» What this task involves:
In your copy of the entries below, keep every word exactly and leave out all images.

» Data for processing:
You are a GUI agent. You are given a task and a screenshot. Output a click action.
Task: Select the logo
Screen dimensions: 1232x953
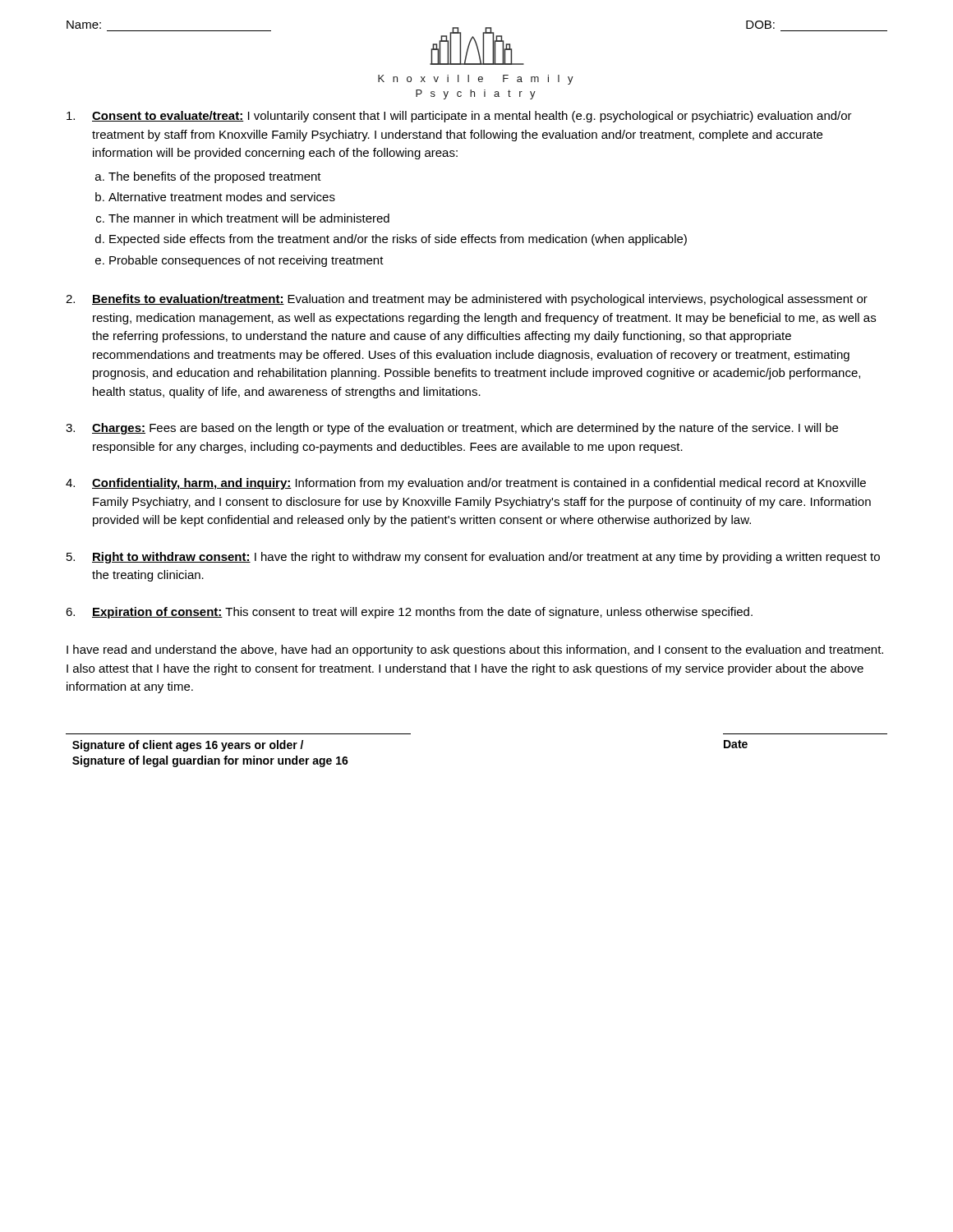coord(476,63)
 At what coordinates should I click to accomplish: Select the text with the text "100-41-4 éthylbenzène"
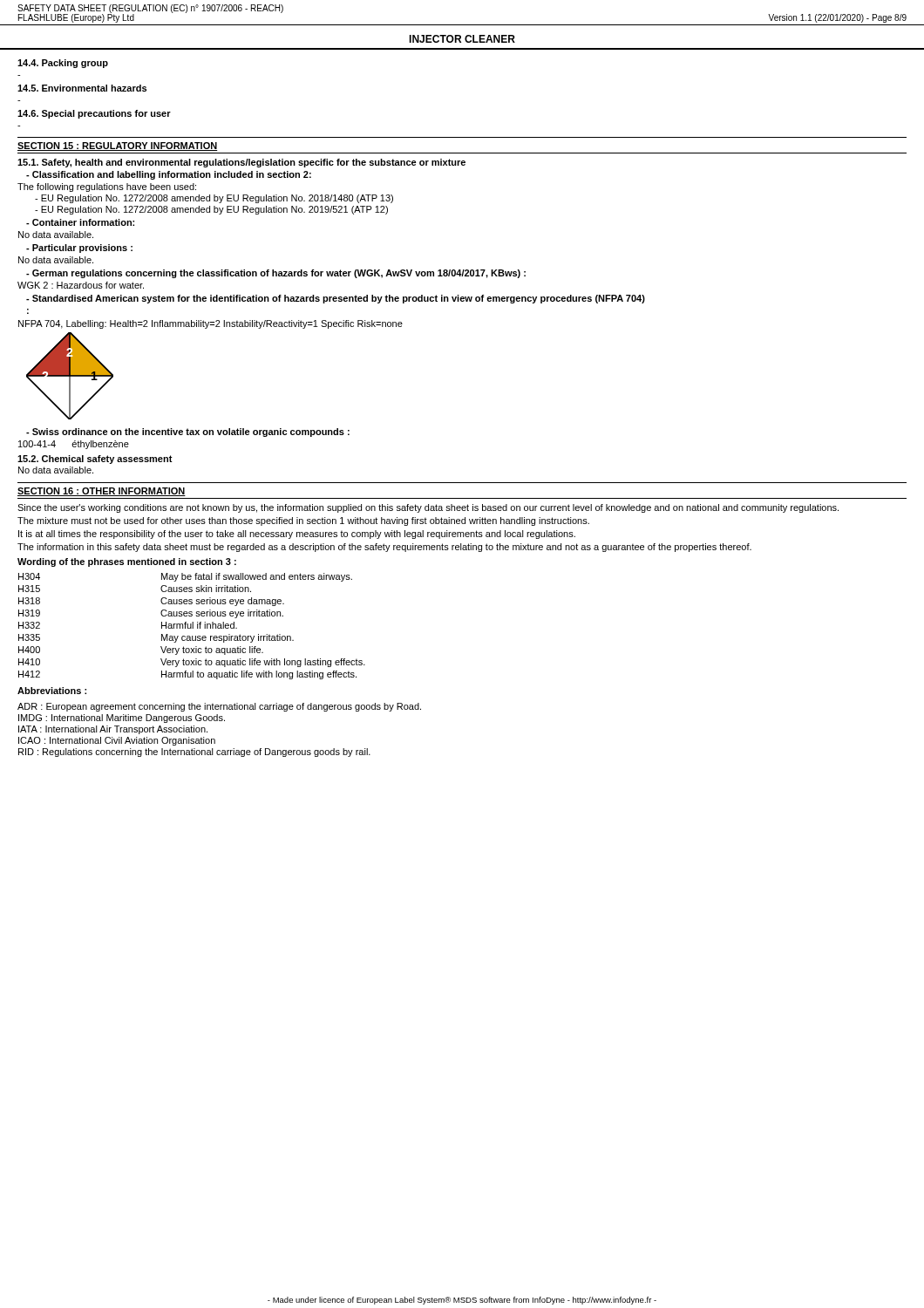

» Exercise answer:
You are a GUI agent. You are given a task and a screenshot. Output a click action.
Task: Select the logo
Screen dimensions: 1232x953
coord(476,63)
 At what coordinates should I click to accomplish: Select the text with the text "100-41-4 éthylbenzène"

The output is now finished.